Health

Girl With Fatal Leukemia Given New Life-Saving CRISPR Treatment Declared Cancer Free In Just 28 Days

News Scientist

In another win for science, a young teenage girl with cancer, who was not responding to common types of treatment, has been given the most amazing news.

13-year old leukemia patient, Alyssa, from the United Kingdom, is the latest success story when it comes to CRISPR gene editing technology, also known as base editing. Incredibly, she now has no detectable cancer cells in her body.

She was given a dose of genetically edited immune cells, which were made to attack the leukemia, in a method that has been used with other types of cancer.

Leukemia happens to be a type of cancer that affects the bone marrow tissue, caused by mutated immune cells. Usually, this type of blood cancer is treated by killing the bone marrow cells within a patient’s body before they are given a bone marrow transplant from a donor. Usually, children tend to respond well to this type of treatment. But there are cases, just like this one, when it works at first but comes back, like Alyssa, or it doesn’t work at all.

So when this type of treatment fails, doctors may opt to use this Nobel Prize-winning option, which is the CAR-T cell therapy, instead. Alyssa was actually the first patient to be enrolled in this new clinical trial. It was also funded through the Medical Research Council’s (MRC) Development Pathway Funding Scheme.

Alyssa was given a dose of common immune system weapons, referred to as T cells, which were modified to attack the cancerous cells in her young body. And in order to avoid the normally extensive price tag on such treatments like these, the Great Ormond Street Hospital team from the University College London modified the donor T cells for her. Notably, the CAR T-cells were originally from a healthy donor.

Moreover, they were edited using a new base-editing technology which allowed them to actually hunt down and destroy the cancerous T-cells before they could attack each other.

Unbelievably, just 28 days after Alyssa’s life-saving treatment, she was placed in remission, and not too long after, was given her second bone marrow transplant to help bring her immune system back to better health.

This is considered quite miraculous considering had she not done this treatment, her only option would have been to be put in palliative care, which was basically to wait until she took her final breath of life.

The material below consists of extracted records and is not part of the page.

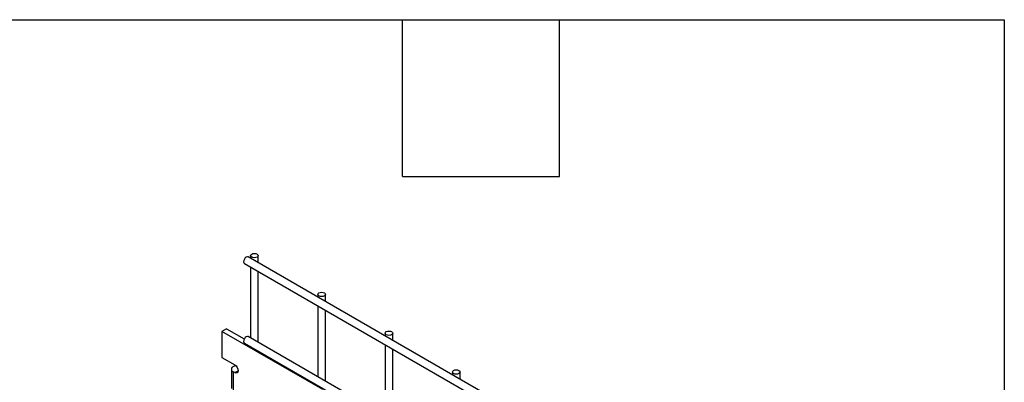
# Model space of a CAD drawing. Header units: inches. Extents: x 0.2 to 10.8, y 0.2 to 8.2.
# Tile 14 of 14: x 8.868 to 10.75, y 7.557 to 8.25. Entities that reach past the tile are written whole.
import ezdxf

# ---------------------------------------------------------------- set-up
doc = ezdxf.new("R2010")
doc.units = ezdxf.units.IN
doc.header["$MEASUREMENT"] = 0
doc.layers.add('TEXT', color=140, linetype='Continuous', lineweight=25)

msp = doc.modelspace()

# ---------------------------------------------------------------- linework, layer by layer
for p, q in [((10.32772, 7.20584), (9.30498, 7.79625)), ((9.3095, 7.79886), (9.3095, 7.79364)), ((9.32405, 7.78524), (9.32405, 7.79886)), ((9.29771, 7.78365), (10.32044, 7.19324)), ((9.3095, 7.77684), (9.3095, 7.64146)), ((9.32405, 7.63307), (9.32405, 7.76845)), ((9.43807, 7.72464), (9.43807, 7.71942)), ((9.45261, 7.71102), (9.45261, 7.72464)), ((9.43807, 7.70262), (9.43807, 7.56725)), ((9.45261, 7.55885), (9.45261, 7.69423)), ((9.26348, 7.65898), (9.25487, 7.65401)), ((9.26348, 7.65898), (9.29744, 7.63938)), ((9.44772, 7.54268), (9.25487, 7.65401)), ((9.25487, 7.65401), (9.25487, 7.6039)), ((10.32772, 7.05366), (9.30498, 7.64407)), ((9.56663, 7.65042), (9.56663, 7.6452)), ((9.58118, 7.6368), (9.58118, 7.65042)), ((9.29771, 7.63148), (10.32044, 7.04107)), ((9.56663, 7.62841), (9.56663, 7.49303)), ((9.25487, 7.6039), (9.27923, 7.58984)), ((9.58118, 7.48463), (9.58118, 7.62001)), ((9.27647, 7.58653), (9.28039, 7.5888)), ((9.28039, 7.5888), (9.28125, 7.5883)), ((9.2729, 7.58156), (9.2729, 7.54445)), ((9.27647, 7.57659), (9.27647, 7.53947)), ((9.27923, 7.57499), (9.27647, 7.57659)), ((9.27923, 7.57499), (9.28566, 7.5787)), ((9.6952, 7.5762), (9.6952, 7.57098)), ((9.70974, 7.56258), (9.70974, 7.5762))]:
    msp.add_line(p, q)
at = {"flags": 128}
for points in [[(9.30498, 7.79625), (9.30331, 7.79657), (9.30135, 7.79589), (9.29938, 7.7943), (9.29771, 7.79205), (9.2966, 7.78948), (9.2962, 7.78698), (9.2966, 7.78493), (9.29771, 7.78365), (9.29771, 7.78365)], [(9.32192, 7.80182), (9.32349, 7.80046), (9.32405, 7.79886), (9.32349, 7.79725), (9.32192, 7.79589), (9.31956, 7.79498), (9.31677, 7.79466), (9.31399, 7.79498), (9.31163, 7.79589), (9.31006, 7.79725), (9.3095, 7.79886), (9.31006, 7.80046), (9.31163, 7.80182), (9.31399, 7.80273), (9.31677, 7.80305), (9.31956, 7.80273), (9.32192, 7.80182)], [(9.45048, 7.72761), (9.45206, 7.72624), (9.45261, 7.72464), (9.45206, 7.72303), (9.45048, 7.72167), (9.44812, 7.72076), (9.44534, 7.72044), (9.44256, 7.72076), (9.4402, 7.72167), (9.43862, 7.72303), (9.43807, 7.72464), (9.43862, 7.72624), (9.4402, 7.72761), (9.44256, 7.72852), (9.44534, 7.72884), (9.44812, 7.72852), (9.45048, 7.72761)], [(9.30498, 7.64407), (9.30331, 7.6444), (9.30135, 7.64371), (9.29938, 7.64213), (9.29771, 7.63987), (9.2966, 7.6373), (9.2962, 7.63481), (9.2966, 7.63276), (9.29771, 7.63148), (9.29771, 7.63148)], [(9.57905, 7.65339), (9.58062, 7.65202), (9.58118, 7.65042), (9.58062, 7.64881), (9.57905, 7.64745), (9.57669, 7.64654), (9.5739, 7.64622), (9.57112, 7.64654), (9.56876, 7.64745), (9.56718, 7.64881), (9.56663, 7.65042), (9.56718, 7.65202), (9.56876, 7.65339), (9.57112, 7.6543), (9.5739, 7.65462), (9.57669, 7.6543), (9.57905, 7.65339)], [(9.27923, 7.58984), (9.28169, 7.58785), (9.28378, 7.58504), (9.28517, 7.58183), (9.28566, 7.5787), (9.28517, 7.57615), (9.28378, 7.57454), (9.28169, 7.57414), (9.27923, 7.57499)], [(9.70761, 7.57917), (9.70919, 7.57781), (9.70974, 7.5762), (9.70919, 7.57459), (9.70761, 7.57323), (9.70525, 7.57232), (9.70247, 7.572), (9.69969, 7.57232), (9.69733, 7.57323), (9.69575, 7.57459), (9.6952, 7.5762), (9.69575, 7.57781), (9.69733, 7.57917), (9.69969, 7.58008), (9.70247, 7.5804), (9.70525, 7.58008), (9.70761, 7.57917)]]:
    msp.add_lwpolyline(points, dxfattribs=at)
msp.add_arc((9.27836, 7.58156), 0.00532, 110.78342, 249.21658)
at = {"layer": 'TEXT'}
for p, q in [((0.25, 8.25), (10.75, 8.25)), ((9.6, 7.95), (9.6, 8.25)), ((9.9, 7.95), (9.9, 8.25)), ((10.75, 8.25), (10.75, 0.25)), ((9.6, 7.95), (9.9, 7.95))]:
    msp.add_line(p, q, dxfattribs=at)

doc.saveas('drawing.dxf')

According to Robert Chiesa, who was one of the doctors that treated Alyssa, he said in a statement released by the Great Ormond Street Hospital, “This is quite remarkable, although it is still a preliminary result, which needs to be monitored and confirmed over the next few months.”

New Atlas

Now, not even a year since her treatment, Alyssa has no detectable cancer, and is home and enjoying her life just like a young teenager should. However, she will still need to continue to follow up with her doctors and continue to check through the next few years to make sure that she is truly cancer free forever.

As for this study, the researchers presented their data for the very first time at the American Society of Hematology during their annual meeting in December, which was held in New Orleans in the United States. The hope is that with further research, and hopefully other success stories in patients using this type of treatment, it can be offered to others undergoing the same cancer diagnosis.